Signals¶
recsys/signals/ turns raw events into the user model. Both modules are pure, no
IO, fully unit/property tested.
engagement.py, continuous strength¶
Three public functions, no class:
| Function | Signature (abridged) | Does |
|---|---|---|
estimate_reading_time |
(word_count, has_image, cfg) -> float |
Seconds to consume content. |
engagement_strength |
(*, dwell_seconds, est_reading_time, end_reason, visits, survey_rating, cfg) -> float |
Continuous blend in ~[-1,1]. |
classify_outcome |
(strength, cfg) -> Outcome |
Threshold → positive / negative / neutral. |
dwell_ratio = min(dwell / est_reading_time, dwell_cap) / dwell_cap # [0,1]
completion = {next_button:1.0, link:0.6, close_button:0.0, abandon:-0.5}
revisit = 1 - exp(-visits / 2)
survey = (rating - 3) / 2 # 1..5 → [-1,1]
strength = wd·dwell_ratio + wc·completion + wr·revisit + ws·survey
Weights wd, wc, wr, ws come from RecConfig.engagement. This replaces the legacy binary
dwell >= estimate with a graded signal, partial reads, abandons, and revisits all move
the needle.
Property tested
Dwell monotonicity (more dwell ⇒ not-lower strength), abandon ⇒ negative contribution,
survey extremes map to ±1.
signal_builder.py, fold into UserSignals¶
flowchart TD
ev["Sequence[InteractionEvent]"] --> agg["aggregate_views()"]
agg --> va["dict[content_id → ViewAggregate]<br/>(dwell paired, visits, end_reason,<br/>last_ts, survey_rating)"]
va --> loop["per content"]
loop --> est["estimate_reading_time"]
loop --> str["engagement_strength"]
str --> cls["classify_outcome"]
str --> dec["recency decay<br/>w = strength · 0.5^(age/half_life)"]
cls -->|positive| pos["positives[cid] = w"]
cls -->|negative| neg["negatives[cid] = w"]
imp["impressions never viewed"] --> sn["soft negatives<br/>w = soft_neg · decay"]
str --> taff["tag_affinity += tag.weight · w"]
pos --> tv["taste_vector =<br/>L2-norm centroid of positive vecs"]
demo["demographics"] --> daff["person_who:* affinity"]
pos & neg & sn & taff & tv & daff --> us["UserSignals"]
ViewAggregate¶
All views of one content folded together, content_id, dwell_seconds, visits,
end_reason, last_ts, survey_rating. aggregate_views is robust to path-B async
(separate START/END events) and to sources that already carry explicit dwell_seconds.
build_user_signals¶
build_user_signals(*, user_id, events, contents, vectors, now, cfg, demographics=None)
-> UserSignals
Key behaviors:
- Recency decay with
half_life_days: recent engagement weighs more. - Soft negatives: content impressed (shown) but never viewed becomes a weak negative,
scaled by
soft_negative_weight × decay. Teaches the model what the user skipped. - Tag affinity: accumulates
facet:label → weightfrom engaged content's tags, scaled by engagement weight. - Taste vector: L2-normalized centroid of positively-engaged content vectors; the query vector for semantic recall.
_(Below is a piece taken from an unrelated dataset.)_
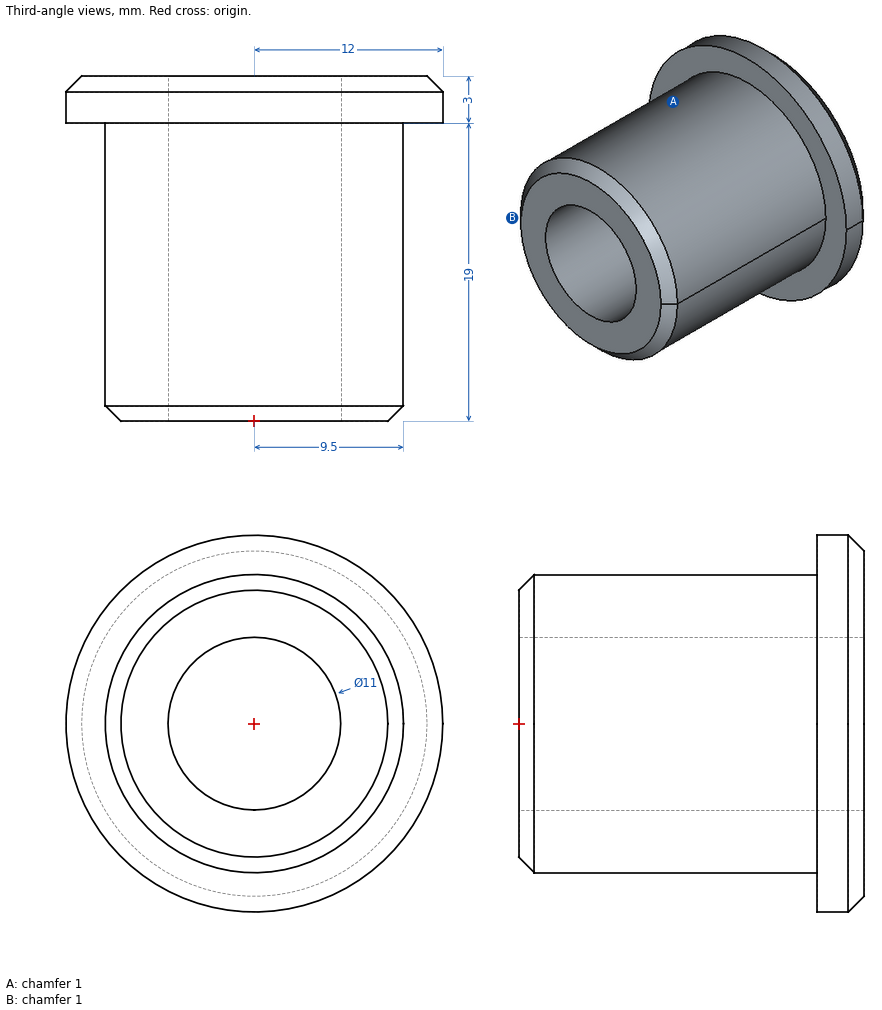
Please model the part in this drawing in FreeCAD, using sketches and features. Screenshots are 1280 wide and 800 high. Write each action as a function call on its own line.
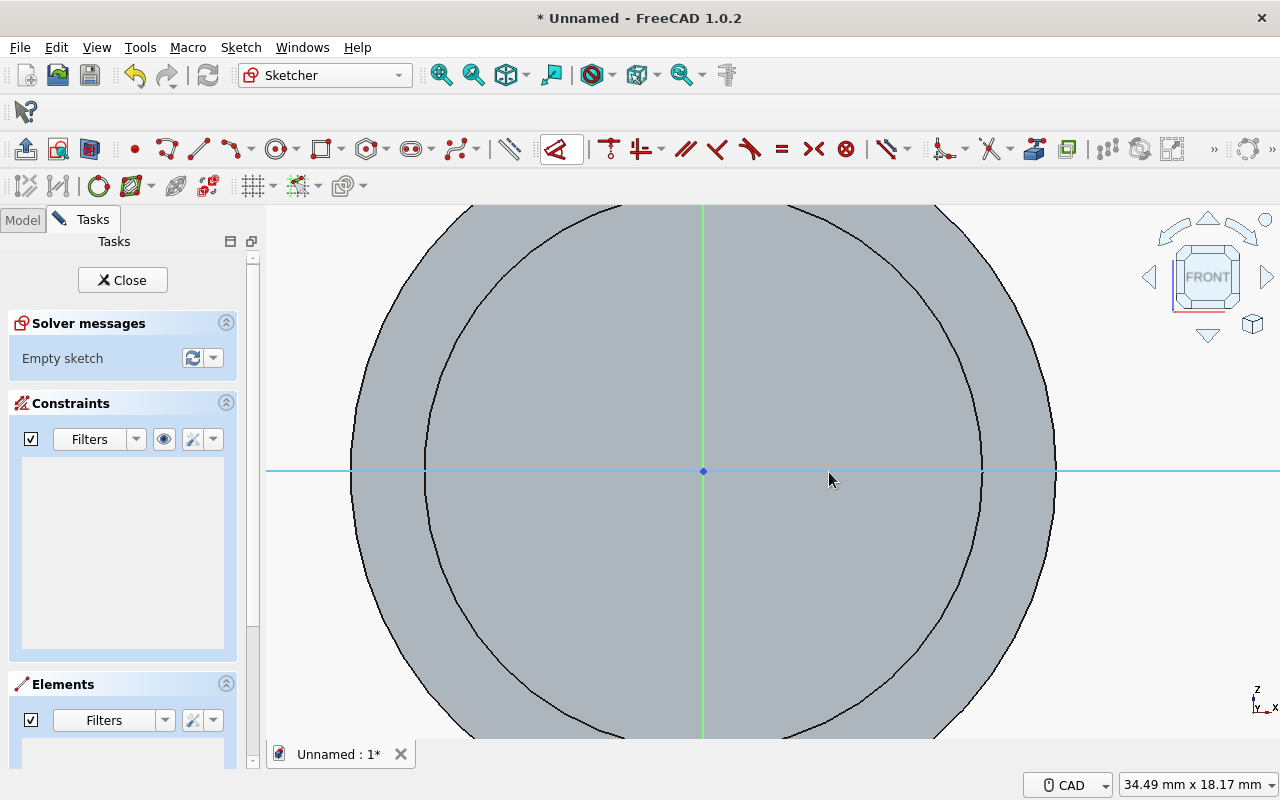
click(276, 150)

- Demographic affinity: survey/demographics map to
person_who:*facets for cold start (e.g. age bucket →person_who:child).
This single function is the brain. The online updater rebuilds from the event buffer each refresh so there is exactly one definition of "the user model", see Orchestration and the serving model.